10.3390/pharmaceutics13040489 ◽

2021 ◽

Vol 13 (4) ◽

pp. 489

Author(s):

Mette Klitgaard ◽

Anette Müllertz ◽

Ragna Berthelsen

Keyword(s):

Drug Delivery ◽

Drug Delivery Systems ◽

Oral Absorption ◽

Aqueous Suspension ◽

Delivery Systems ◽

Time Curve ◽

Drug Permeation ◽

In Vitro Lipolysis

The aim of this study was to design an in vitro lipolysis-permeation method to estimate drug absorption following the oral administration of self-nanoemulsifying drug delivery systems (SNEDDSs). The method was evaluated by testing five oral formulations containing cinnarizine (four SNEDDSs and one aqueous suspension) from a previously published pharmacokinetic study in rats. In that study, the pharmacokinetic profiles of the five formulations did not correlate with the drug solubilization profiles obtained during in vitro intestinal lipolysis. Using the designed lipolysis-permeation method, in vitro lipolysis of the five formulations was followed by in vitro drug permeation in Franz diffusion cells equipped with PermeaPad® barriers.

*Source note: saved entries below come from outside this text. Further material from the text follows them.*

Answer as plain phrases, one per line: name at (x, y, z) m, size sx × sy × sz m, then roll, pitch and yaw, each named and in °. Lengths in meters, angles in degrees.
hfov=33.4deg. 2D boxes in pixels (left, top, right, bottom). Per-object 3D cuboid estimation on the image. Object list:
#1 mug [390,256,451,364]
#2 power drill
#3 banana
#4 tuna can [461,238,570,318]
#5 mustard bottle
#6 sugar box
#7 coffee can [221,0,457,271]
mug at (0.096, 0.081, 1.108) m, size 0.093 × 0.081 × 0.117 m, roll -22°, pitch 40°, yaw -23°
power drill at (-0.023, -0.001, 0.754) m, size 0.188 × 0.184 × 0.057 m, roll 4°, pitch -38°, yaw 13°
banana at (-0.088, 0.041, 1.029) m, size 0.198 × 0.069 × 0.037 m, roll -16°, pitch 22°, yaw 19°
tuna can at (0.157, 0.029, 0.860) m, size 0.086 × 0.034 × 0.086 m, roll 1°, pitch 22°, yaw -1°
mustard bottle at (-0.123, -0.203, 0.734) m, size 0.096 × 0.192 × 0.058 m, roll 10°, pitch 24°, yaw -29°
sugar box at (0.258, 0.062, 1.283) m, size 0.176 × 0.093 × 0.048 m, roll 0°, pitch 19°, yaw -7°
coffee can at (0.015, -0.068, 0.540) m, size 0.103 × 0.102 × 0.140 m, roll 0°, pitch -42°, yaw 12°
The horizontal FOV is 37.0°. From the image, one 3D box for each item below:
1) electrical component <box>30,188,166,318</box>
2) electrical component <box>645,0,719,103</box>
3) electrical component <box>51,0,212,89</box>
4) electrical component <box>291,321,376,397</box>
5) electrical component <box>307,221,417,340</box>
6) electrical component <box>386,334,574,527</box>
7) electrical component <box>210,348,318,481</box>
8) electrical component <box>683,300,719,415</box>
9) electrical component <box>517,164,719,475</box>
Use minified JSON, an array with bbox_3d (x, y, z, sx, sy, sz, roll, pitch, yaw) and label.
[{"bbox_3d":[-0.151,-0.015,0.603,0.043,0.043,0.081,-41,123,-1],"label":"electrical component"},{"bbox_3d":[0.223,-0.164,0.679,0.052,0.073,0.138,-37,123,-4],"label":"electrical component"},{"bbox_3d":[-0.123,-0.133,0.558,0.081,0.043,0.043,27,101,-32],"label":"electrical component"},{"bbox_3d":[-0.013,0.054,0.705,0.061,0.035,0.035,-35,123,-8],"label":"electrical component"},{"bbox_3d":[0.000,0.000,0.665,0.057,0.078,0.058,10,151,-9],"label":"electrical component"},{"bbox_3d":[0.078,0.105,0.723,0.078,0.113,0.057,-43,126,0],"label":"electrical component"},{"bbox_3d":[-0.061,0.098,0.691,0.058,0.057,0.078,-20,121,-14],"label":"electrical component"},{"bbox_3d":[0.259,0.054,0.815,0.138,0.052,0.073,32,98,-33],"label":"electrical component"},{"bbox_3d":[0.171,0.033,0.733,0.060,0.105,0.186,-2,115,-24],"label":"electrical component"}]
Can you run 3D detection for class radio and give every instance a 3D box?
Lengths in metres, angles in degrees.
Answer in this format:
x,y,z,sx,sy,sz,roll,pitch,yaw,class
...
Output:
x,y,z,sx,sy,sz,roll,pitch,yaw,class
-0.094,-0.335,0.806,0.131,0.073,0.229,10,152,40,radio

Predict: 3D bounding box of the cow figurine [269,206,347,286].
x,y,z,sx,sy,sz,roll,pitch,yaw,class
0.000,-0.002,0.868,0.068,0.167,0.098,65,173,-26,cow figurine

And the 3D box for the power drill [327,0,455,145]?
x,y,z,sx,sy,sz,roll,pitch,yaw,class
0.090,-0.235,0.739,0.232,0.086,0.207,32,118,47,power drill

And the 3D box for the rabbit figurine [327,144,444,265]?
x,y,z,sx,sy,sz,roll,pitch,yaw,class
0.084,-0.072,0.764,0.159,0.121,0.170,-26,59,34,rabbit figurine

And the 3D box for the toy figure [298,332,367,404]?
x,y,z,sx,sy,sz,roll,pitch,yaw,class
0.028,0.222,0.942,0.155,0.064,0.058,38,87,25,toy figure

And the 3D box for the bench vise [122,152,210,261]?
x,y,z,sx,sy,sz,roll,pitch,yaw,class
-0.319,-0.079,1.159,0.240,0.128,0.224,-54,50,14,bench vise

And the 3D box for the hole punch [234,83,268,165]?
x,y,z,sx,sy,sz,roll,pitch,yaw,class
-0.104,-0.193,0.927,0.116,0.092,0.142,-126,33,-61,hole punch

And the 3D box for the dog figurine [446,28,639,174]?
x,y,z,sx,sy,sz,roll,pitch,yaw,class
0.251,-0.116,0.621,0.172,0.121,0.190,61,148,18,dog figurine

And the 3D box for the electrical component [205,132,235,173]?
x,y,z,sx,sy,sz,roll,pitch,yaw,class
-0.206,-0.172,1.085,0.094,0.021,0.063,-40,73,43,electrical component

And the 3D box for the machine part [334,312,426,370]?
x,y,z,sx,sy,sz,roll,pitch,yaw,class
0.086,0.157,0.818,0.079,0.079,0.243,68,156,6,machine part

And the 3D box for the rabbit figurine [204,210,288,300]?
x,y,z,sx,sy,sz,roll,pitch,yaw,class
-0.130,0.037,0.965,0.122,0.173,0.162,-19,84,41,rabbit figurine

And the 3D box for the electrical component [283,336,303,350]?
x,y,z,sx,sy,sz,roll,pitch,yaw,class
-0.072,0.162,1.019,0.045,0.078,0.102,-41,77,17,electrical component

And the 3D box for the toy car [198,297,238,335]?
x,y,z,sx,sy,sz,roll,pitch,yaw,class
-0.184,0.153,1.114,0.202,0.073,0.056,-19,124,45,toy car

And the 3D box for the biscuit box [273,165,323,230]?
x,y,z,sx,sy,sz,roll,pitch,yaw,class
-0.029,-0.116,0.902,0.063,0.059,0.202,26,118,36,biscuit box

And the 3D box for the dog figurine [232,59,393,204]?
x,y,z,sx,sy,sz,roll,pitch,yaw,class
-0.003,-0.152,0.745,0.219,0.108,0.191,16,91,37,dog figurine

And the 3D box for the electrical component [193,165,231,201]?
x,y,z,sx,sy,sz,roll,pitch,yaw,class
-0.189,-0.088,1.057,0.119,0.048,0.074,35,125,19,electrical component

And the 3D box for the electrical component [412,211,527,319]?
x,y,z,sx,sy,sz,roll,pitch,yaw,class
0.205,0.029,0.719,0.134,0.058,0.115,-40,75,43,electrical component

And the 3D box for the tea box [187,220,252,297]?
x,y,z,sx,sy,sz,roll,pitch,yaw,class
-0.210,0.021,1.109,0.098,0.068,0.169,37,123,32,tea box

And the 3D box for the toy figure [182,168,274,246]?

A linear in vivo–in vitro correlation was obtained when comparing the area under the in vitro drug permeation–time curve (AUC0–3h), to the AUC0–3h of the plasma concentration–time profile obtained from the in vivo study. Based on these results, the evaluated lipolysis-permeation method was found to be a promising tool for estimating the in vivo performance of SNEDDSs, but more studies are needed to evaluate the method further.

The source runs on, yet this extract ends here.